On 12/6/23 16:42, Bjorn Helgaas wrote:
> From: Bjorn Helgaas <[email protected]>
>
> The PCIe spec classifies errors as either "Correctable" or "Uncorrectable".
> Previously we printed these as "Corrected" or "Uncorrected". To avoid
> confusion, use the same terms as the spec.
>
> One confusing situation is when one agent detects an error, but another
> agent is responsible for recovery, e.g., by re-attempting the operation.
> The first agent may log a "correctable" error but it has not yet been
> corrected. The recovery agent must report an uncorrectable error if it is
> unable to recover.

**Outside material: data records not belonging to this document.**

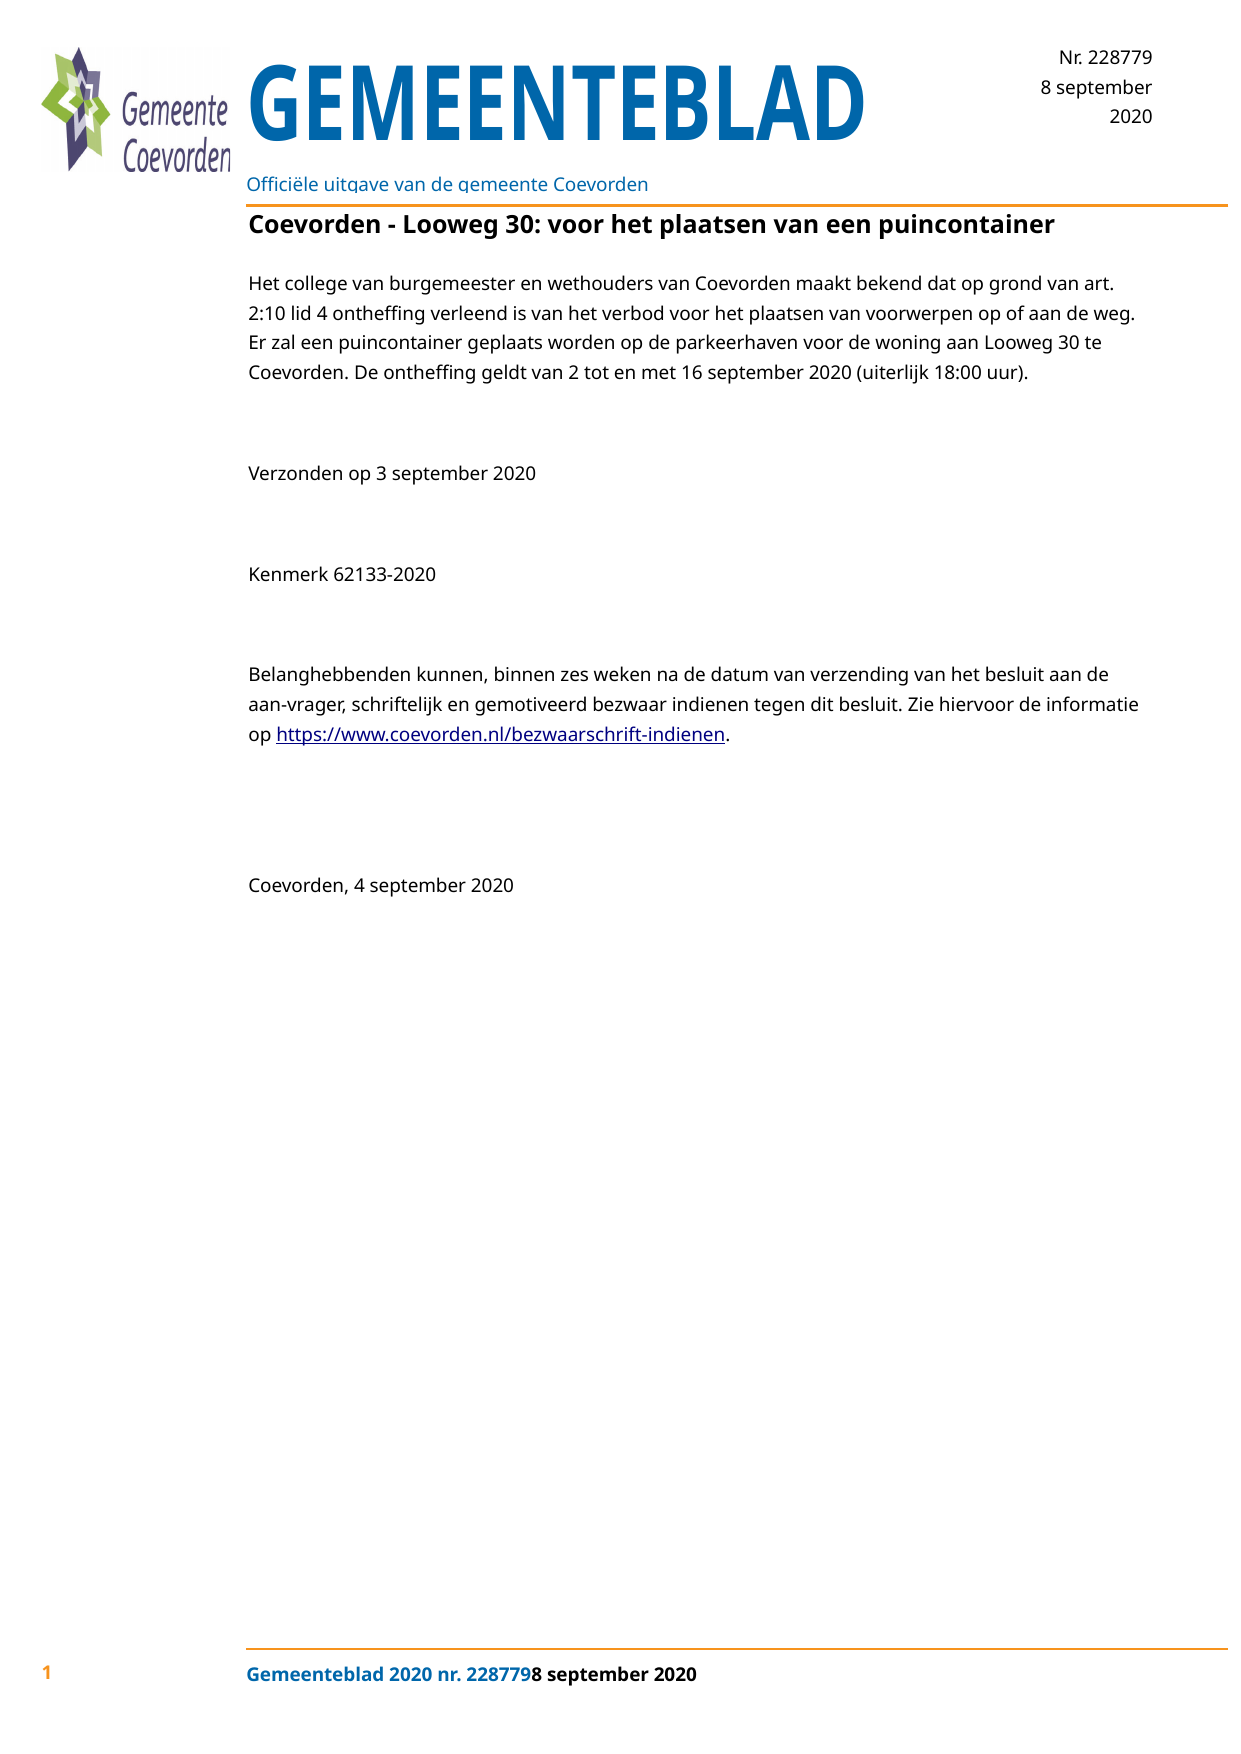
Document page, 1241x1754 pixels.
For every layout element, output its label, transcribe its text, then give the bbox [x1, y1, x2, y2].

text Verzonden op 3 september 2020 [248, 460, 1152, 486]
text Coevorden - Looweg 30: voor het plaatsen van een puincontainer [248, 207, 1152, 241]
text Belanghebbenden kunnen, binnen zes weken na de datum van verzending van het besluit aan de aan-vrager, schriftelijk en gemotiveerd bezwaar indienen tegen dit besluit. Zie hiervoor de informatie op https://www.coevorden.nl/bezwaarschrift-indienen. [248, 662, 1152, 746]
picture [41, 47, 231, 172]
text Kenmerk 62133-2020 [248, 561, 1152, 586]
text Het college van burgemeester en wethouders van Coevorden maakt bekend dat op grond van art. 2:10 lid 4 ontheffing verleend is van het verbod voor het plaatsen van voorwerpen op of aan de weg. Er zal een puincontainer geplaats worden op de parkeerhaven voor de woning aan Looweg 30 te Coevorden. De ontheffing geldt van 2 tot en met 16 september 2020 (uiterlijk 18:00 uur). [248, 270, 1152, 385]
text Coevorden, 4 september 2020 [248, 872, 1152, 898]

If we print the first agent's error as "Corrected", it
> gives the false impression that it has already been resolved.
>
> Sample message change:
>
> - pcieport 0000:00:1c.5: AER: Corrected error received: 0000:00:1c.5
> + pcieport 0000:00:1c.5: AER: Correctable error received: 0000:00:1c.5
>
> Signed-off-by: Bjorn Helgaas <[email protected]>
> ---
> drivers/pci/pcie/aer.c | 6 +++---
> 1 file changed, 3 insertions(+), 3 deletions(-)
>
> diff --git a/drivers/pci/pcie/aer.c b/drivers/pci/pcie/aer.c
> index 42a3bd35a3e1..20db80018b5d 100644
> --- a/drivers/pci/pcie/aer.c
> +++ b/drivers/pci/pcie/aer.c
> @@ -436,9 +436,9 @@ void pci_aer_exit(struct pci_dev *dev)
> * AER error strings
> */
> static const char *aer_error_severity_string[] = {
> - "Uncorrected (Non-Fatal)",
> - "Uncorrected (Fatal)",
> - "Corrected"
> + "Uncorrectable (Non-Fatal)",
> + "Uncorrectable (Fatal)",
> + "Correctable"
> };
>
> static const char *aer_error_layer[] = {

2023-12-12 21:23:35

by Bjorn Helgaas

[permalink] [raw]
Subject: Re: [PATCH 1/3] PCI/AER: Use 'Correctable' and 'Uncorrectable' spec terms for errors

On Tue, Dec 12, 2023 at 09:00:24AM -0600, Terry Bowman wrote:
> Hi Bjorn,
>
> Will help prevent confusion. LGTM.

Thanks a lot for taking a look at these! I'd like to give you credit
in the log, e.g., "Reviewed-by: Terry Bowman <[email protected]>",
but I'm OCD enough that I don't want to translate "LGTM" into that all
by myself.

If you want that credit (and, I guess, the privilege of being cc'd
when we find that these patches break something :)), just reply again
with that actual "Reviewed-by:" text in it.

Bjorn

Subject: Re: [PATCH 1/3] PCI/AER: Use 'Correctable' and 'Uncorrectable' spec terms for errors



On 12/6/2023 2:42 PM, Bjorn Helgaas wrote:
> From: Bjorn Helgaas <[email protected]>
>
> The PCIe spec classifies errors as either "Correctable" or "Uncorrectable".
> Previously we printed these as "Corrected" or "Uncorrected". To avoid
> confusion, use the same terms as the spec.
>
> One confusing situation is when one agent detects an error, but another
> agent is responsible for recovery, e.g., by re-attempting the operation.
> The first agent may log a "correctable" error but it has not yet been
> corrected. The recovery agent must report an uncorrectable error if it is
> unable to recover. If we print the first agent's error as "Corrected", it
> gives the false impression that it has already been resolved.
>
> Sample message change:
>
> - pcieport 0000:00:1c.5: AER: Corrected error received: 0000:00:1c.5
> + pcieport 0000:00:1c.5: AER: Correctable error received: 0000:00:1c.5
>
> Signed-off-by: Bjorn Helgaas <[email protected]>
> ---

Looks good to me.

Reviewed-by: Kuppuswamy Sathyanarayanan <[email protected]>

> drivers/pci/pcie/aer.c | 6 +++---
> 1 file changed, 3 insertions(+), 3 deletions(-)
>
> diff --git a/drivers/pci/pcie/aer.c b/drivers/pci/pcie/aer.c
> index 42a3bd35a3e1..20db80018b5d 100644
> --- a/drivers/pci/pcie/aer.c
> +++ b/drivers/pci/pcie/aer.c
> @@ -436,9 +436,9 @@ void pci_aer_exit(struct pci_dev *dev)
> * AER error strings
> */
> static const char *aer_error_severity_string[] = {
> - "Uncorrected (Non-Fatal)",
> - "Uncorrected (Fatal)",
> - "Corrected"
> + "Uncorrectable (Non-Fatal)",
> + "Uncorrectable (Fatal)",
> + "Correctable"
> };
>
> static const char *aer_error_layer[] = {

--
Sathyanarayanan Kuppuswamy
Linux Kernel Developer